A soirée at the Beat Hotel, Paris, late 50s or early 60s.

Although he has never been a household name, Allan Taylor has been writing, performing and recording folk songs ever since he turned professional 60 years ago.

“Allan Taylor is one of the more literate and sensitive of contemporary songwriters in terms of words and music, and one who is capable of exploring more complex subjects than most of his contemporaries… he should probably be regarded as potentially the most important songwriter of his generation.”

Dr. Frederick Woods in The Oxford Book of Traditional Verse.

Supporting Fairport Convention in the late 60s helped to secure Taylor’s reputation on the UK folk circuit. After a few years in America, he returned to the UK, forming the band, Cajun Moon. Then in 1976, he launched a solo career. His 1978 album, The Traveller, won the best European Record award at the Grand Prix du Disque de Montreaux. Wikipedia lists a further 26 albums, the latest being Behind the Mix (2017).

Taylor had planned a series of farewell concerts for the summer of 2026, but had to cancel the tour because of ill health. He might take some consolation, though, from knowing that his name has appeared in several media reports since April, when Ed Sheeran enthused about The Traveller online. (See this article on the BBC, for example.)

For this blogger, Allan Taylor’s later material has rather more depth and appeal, so I have chosen a track from his 2003 album, Hotels and Dreamers, as my gift to him on his enforced retirement.

From Hotels and Dreamers, 2003.

In the late 50s and early 60s, several members of the Beat Generation occupied rooms at a cheap hotel at 9 Rue Gît-le-Cœur, in the Latin Quarter of Paris.

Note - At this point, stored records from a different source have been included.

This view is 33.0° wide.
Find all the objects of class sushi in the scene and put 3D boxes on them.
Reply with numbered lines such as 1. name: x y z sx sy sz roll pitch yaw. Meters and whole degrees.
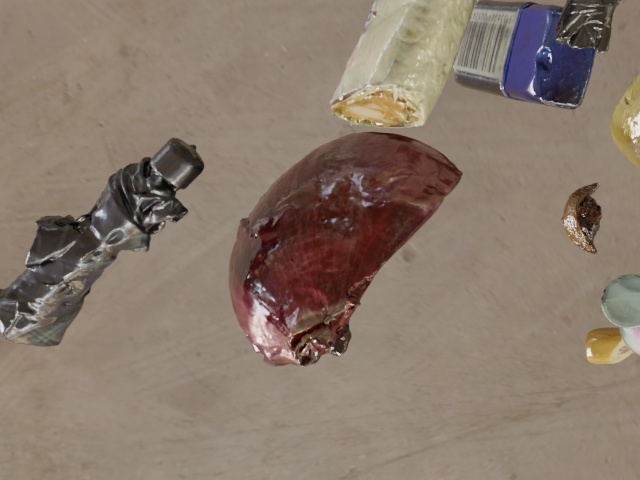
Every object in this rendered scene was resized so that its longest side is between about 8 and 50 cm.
1. sushi: 0.355 -0.030 1.453 0.047 0.050 0.099 -8 80 48

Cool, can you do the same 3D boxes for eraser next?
1. eraser: 0.317 -0.301 1.710 0.102 0.332 0.155 9 100 -17

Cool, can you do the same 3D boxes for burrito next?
1. burrito: 0.116 -0.262 1.306 0.299 0.105 0.143 -65 31 11

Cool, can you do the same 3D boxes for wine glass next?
1. wine glass: 0.379 0.092 1.285 0.073 0.155 0.073 -8 71 26

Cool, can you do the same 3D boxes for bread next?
1. bread: 0.477 0.168 1.744 0.103 0.049 0.062 -5 42 43

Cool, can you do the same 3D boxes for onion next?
1. onion: 0.000 0.000 0.900 0.120 0.283 0.227 43 113 -9

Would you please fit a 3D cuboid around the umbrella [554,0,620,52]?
1. umbrella: 0.329 -0.336 1.241 0.066 0.059 0.235 13 104 1

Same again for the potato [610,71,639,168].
1. potato: 0.271 -0.094 0.690 0.107 0.080 0.170 43 125 -15

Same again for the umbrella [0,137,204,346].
1. umbrella: -0.184 -0.005 0.878 0.224 0.080 0.071 -41 59 19
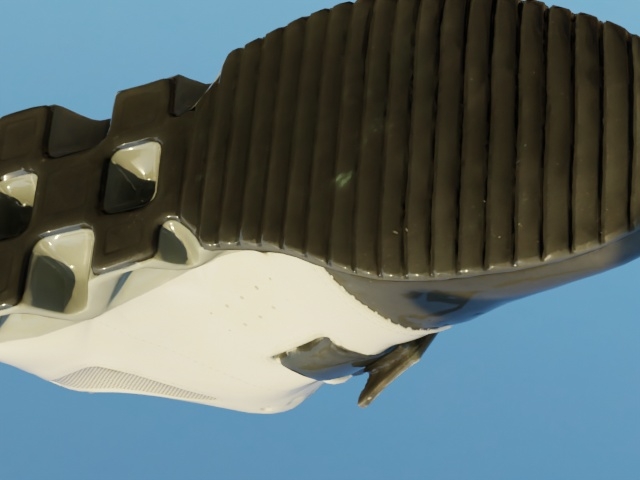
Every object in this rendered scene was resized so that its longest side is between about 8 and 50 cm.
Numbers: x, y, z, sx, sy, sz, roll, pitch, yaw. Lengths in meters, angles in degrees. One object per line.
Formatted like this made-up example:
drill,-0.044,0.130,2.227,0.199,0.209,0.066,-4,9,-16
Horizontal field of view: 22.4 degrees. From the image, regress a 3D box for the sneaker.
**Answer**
sneaker,0.000,0.000,0.632,0.330,0.146,0.122,-7,-123,29
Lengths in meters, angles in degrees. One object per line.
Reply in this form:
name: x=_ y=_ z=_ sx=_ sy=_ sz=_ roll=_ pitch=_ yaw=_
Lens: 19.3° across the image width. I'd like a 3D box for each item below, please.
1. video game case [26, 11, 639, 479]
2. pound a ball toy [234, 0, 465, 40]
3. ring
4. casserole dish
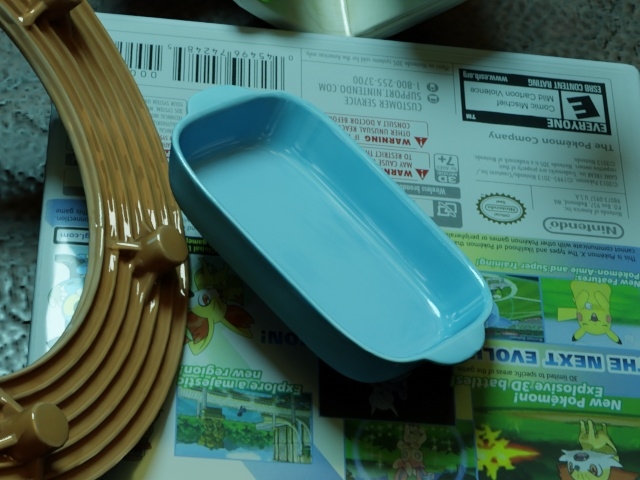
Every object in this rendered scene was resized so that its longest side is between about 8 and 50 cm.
video game case: x=0.019 y=0.016 z=0.974 sx=0.329 sy=0.036 sz=0.300 roll=5 pitch=54 yaw=-8
pound a ball toy: x=0.052 y=-0.249 z=1.050 sx=0.136 sy=0.208 sz=0.319 roll=21 pitch=54 yaw=-50
ring: x=-0.174 y=-0.044 z=0.814 sx=0.336 sy=0.032 sz=0.336 roll=33 pitch=43 yaw=-36
casserole dish: x=0.000 y=0.000 z=0.916 sx=0.188 sy=0.037 sz=0.114 roll=46 pitch=38 yaw=15
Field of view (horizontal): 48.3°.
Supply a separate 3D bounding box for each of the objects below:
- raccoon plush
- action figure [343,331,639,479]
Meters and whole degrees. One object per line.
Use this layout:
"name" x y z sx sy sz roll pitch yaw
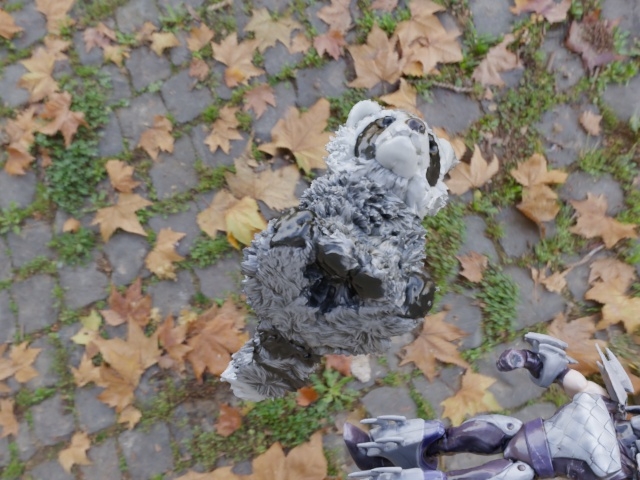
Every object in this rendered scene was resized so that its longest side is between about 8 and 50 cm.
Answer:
"raccoon plush" 0.000 0.000 0.975 0.216 0.299 0.446 40 135 -18
"action figure" 0.155 0.172 0.577 0.285 0.099 0.185 -17 36 19

“It was a ‘class 13’ hotel, meaning bottom line, a place that was required by law to meet only minimum health and safety standards. It never had any proper name – ‘the Beat Hotel’ was a nickname … which stuck. The rooms had windows facing the interior stairwell and not much light. Hot water was available Thursdays, Fridays and Saturdays. The hotel offered the opportunity for a bath – in the only bathtub, situated on the ground floor – provided the guest reserved time beforehand and paid the surcharge for hot water. Curtains and bedspreads were changed and washed every spring. The linen was (in principle) changed every month.”

Wikipedia

Ah, the good old days! The times when we were young and creature comforts were completely unnecessary. We were all looking for Nirvana once. How many of us found it, I wonder?